For a great example, check the 9:04 mark of the 4th quarter. Anthony Johnson completely ignores Marbury as Steph stands in the left corner. Instead, he leans on Big Baby’s back as Baby sets up shop in the left side of the paint. Meanwhile, Pierce uses a screen to get into his money range on the right side of the court. Howard comes out for a strong contest, knowing he’s got help behind him. Pierce misses a tough shot. 

Another example: With 4:33 to go in the first quarter, Pierce drove and pulled up from the right wing. Rafer Alston sprinted all the way over from the left (opposite) corner to provide help in case Pierce took the ball to the foul line area. 

We are going to see this defense again in Game 6, at least when Rondo is in the game. Rajon was 3-of-12 tonight and once again did not hit a jumper. We know he has this in him. Let’s hope we see a few smooth J’s Thursday night.

• As I said, see my Daily Dime piece for more on Marbury. He kept the Celtics afloat when the Magic looked ready to wrap the game up. 

• Glen Davis. Again. Ten points in the fourth quarter, including four straight made field goals. He and Marbury gave Boston the chance to win this game. You can see Baby’s confidence growing. Two of those field goals were standard Baby jumpers, but two others were post moves on Howard–one righty hook from the deep post, and one turnaround from just inside the foul line. Very impressive stuff. 

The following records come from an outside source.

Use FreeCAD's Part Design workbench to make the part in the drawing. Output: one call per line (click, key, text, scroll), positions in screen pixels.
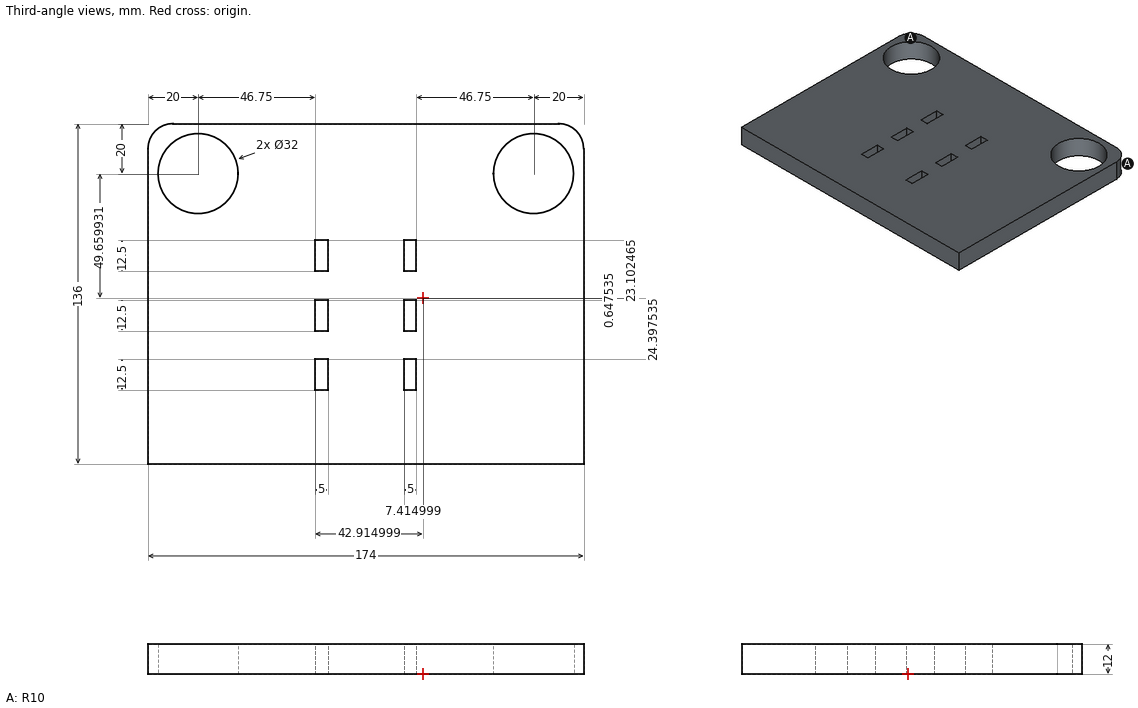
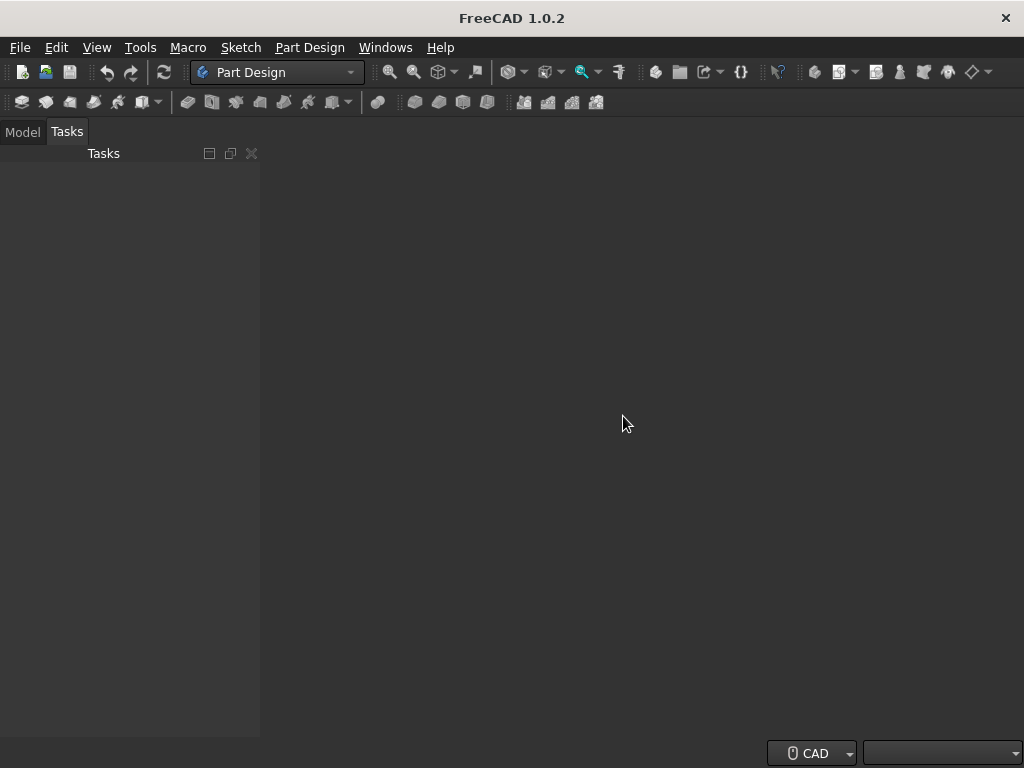
key(ctrl+n)
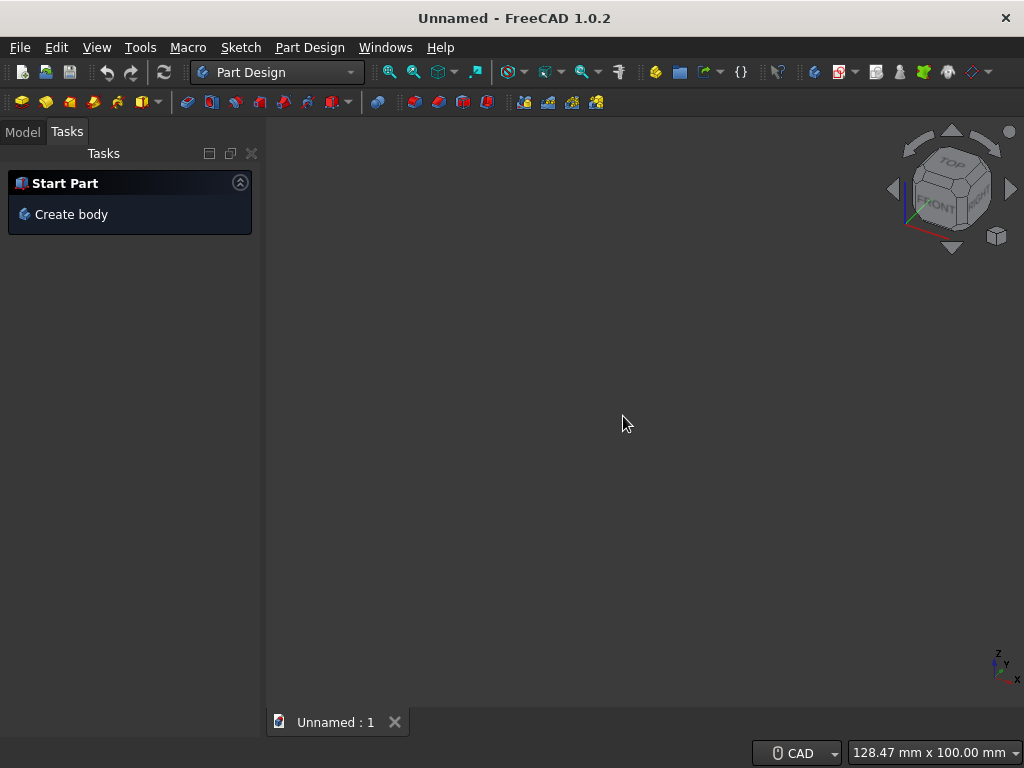
click(840, 72)
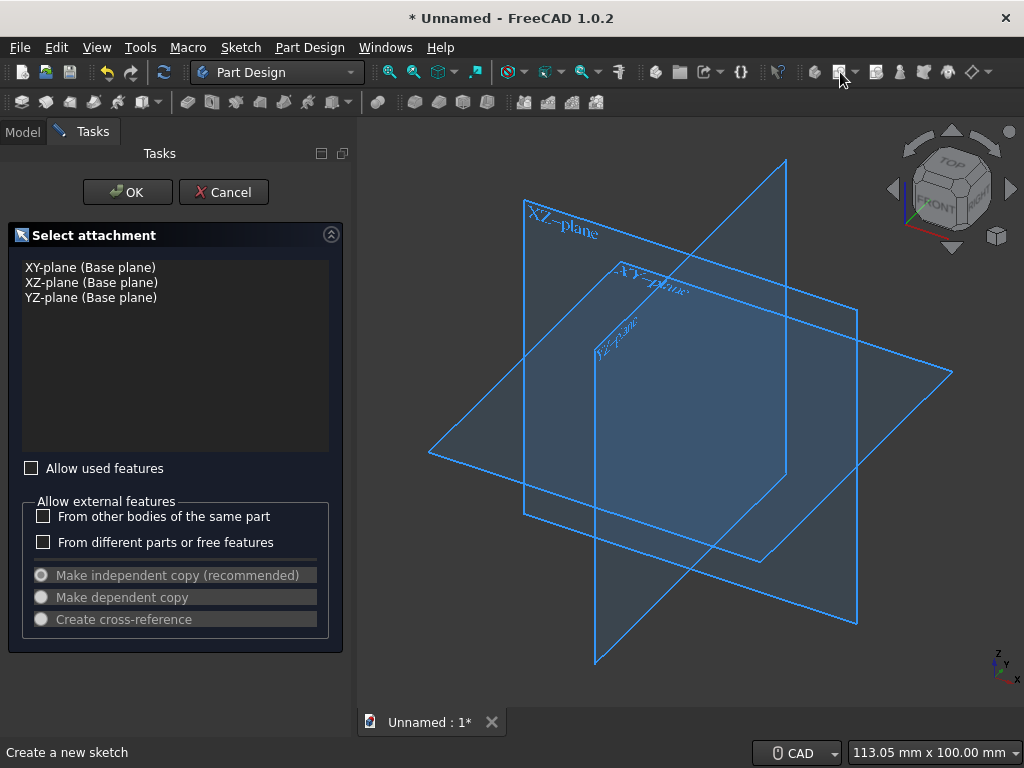
click(82, 268)
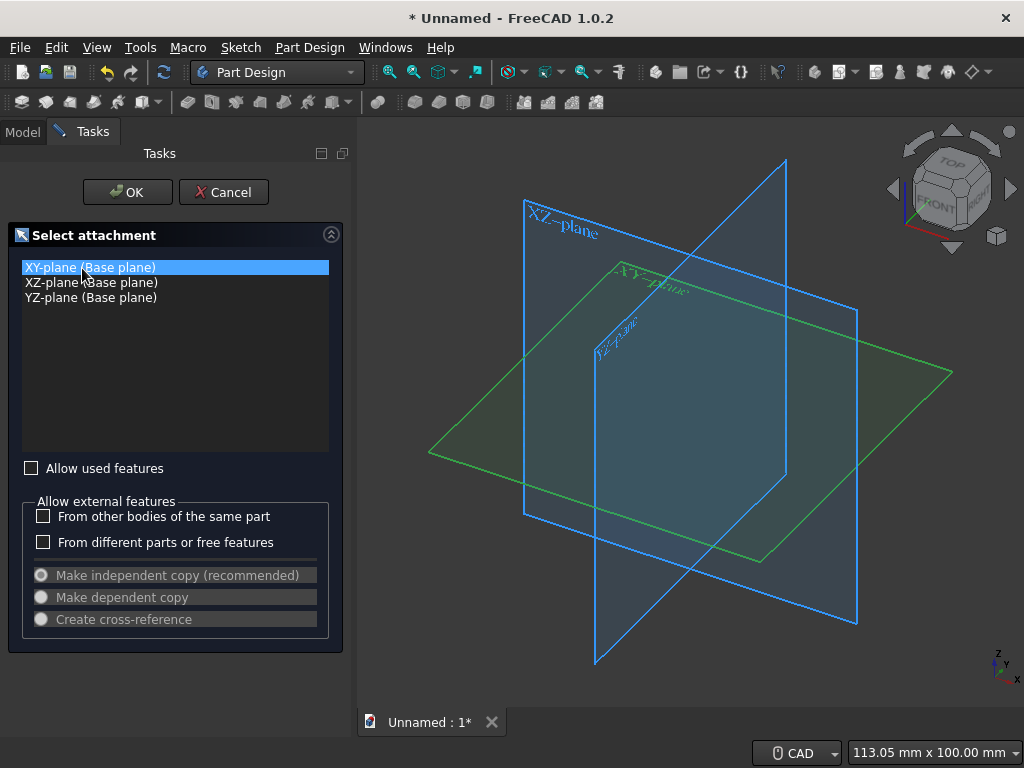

• Give it up for Scal for playing 18 minutes despite his illness earlier in the day. Gutsy. Not really effective, but gutsy. 

Onto Orlando for Game 6.

  • http://viscowitzslaboratory.com Jeff

    I agree with you on both officiating calls. Ray's toe looked to be on the line. And the trajectory on Rondo's shot appeared to be affected by the rim when I watched the play live. But neither of TNT's replays really showed us anything convincing either way. Of course the angles in both replays were quite possibly the two worst angles for deciding such a thing.

    This is the 3rd (or is it 4th?) win for the Celtics coming back from a double digit deficit this post-season.

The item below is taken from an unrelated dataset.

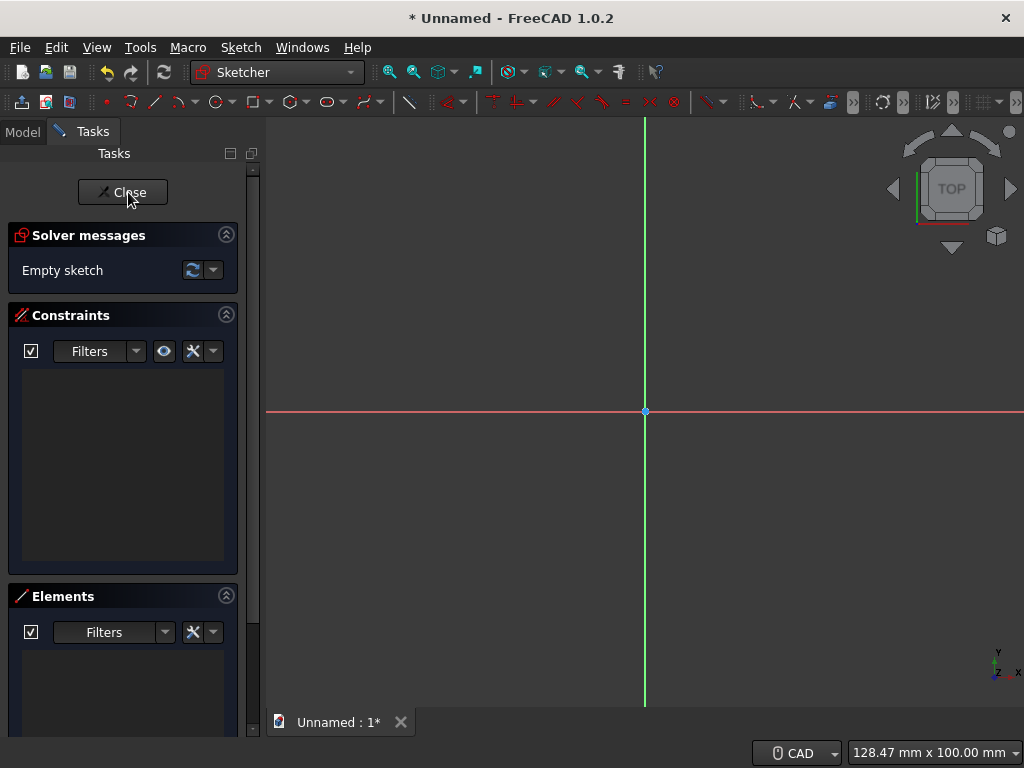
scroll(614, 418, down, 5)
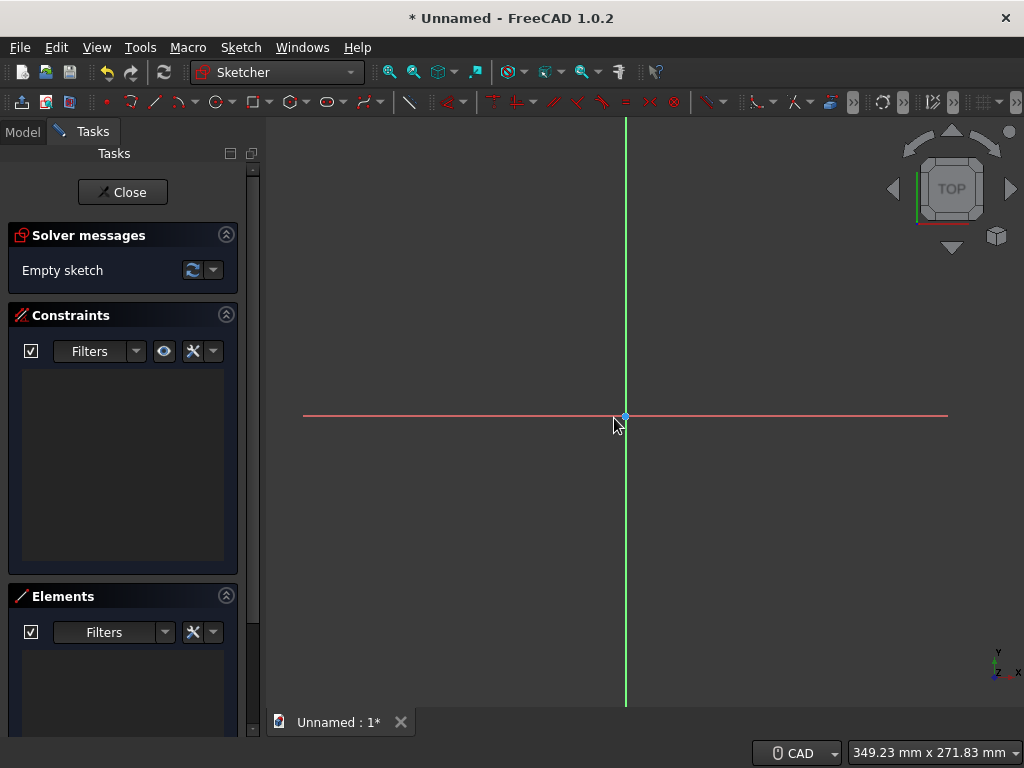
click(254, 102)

    Even though Ray had been struggling all game, I was glad to see him get an open look & knock down that 3. Ray is always one shot away from having a hot hand.

  • Jeff C.

    Great point. Perkins has been able to force Dwight Howard into bad shots away from the rim. Dwight can ask for the ball all game long, but it isn't gonna matter if Perkins is in the paint. kudos to Big Perk. A job well done.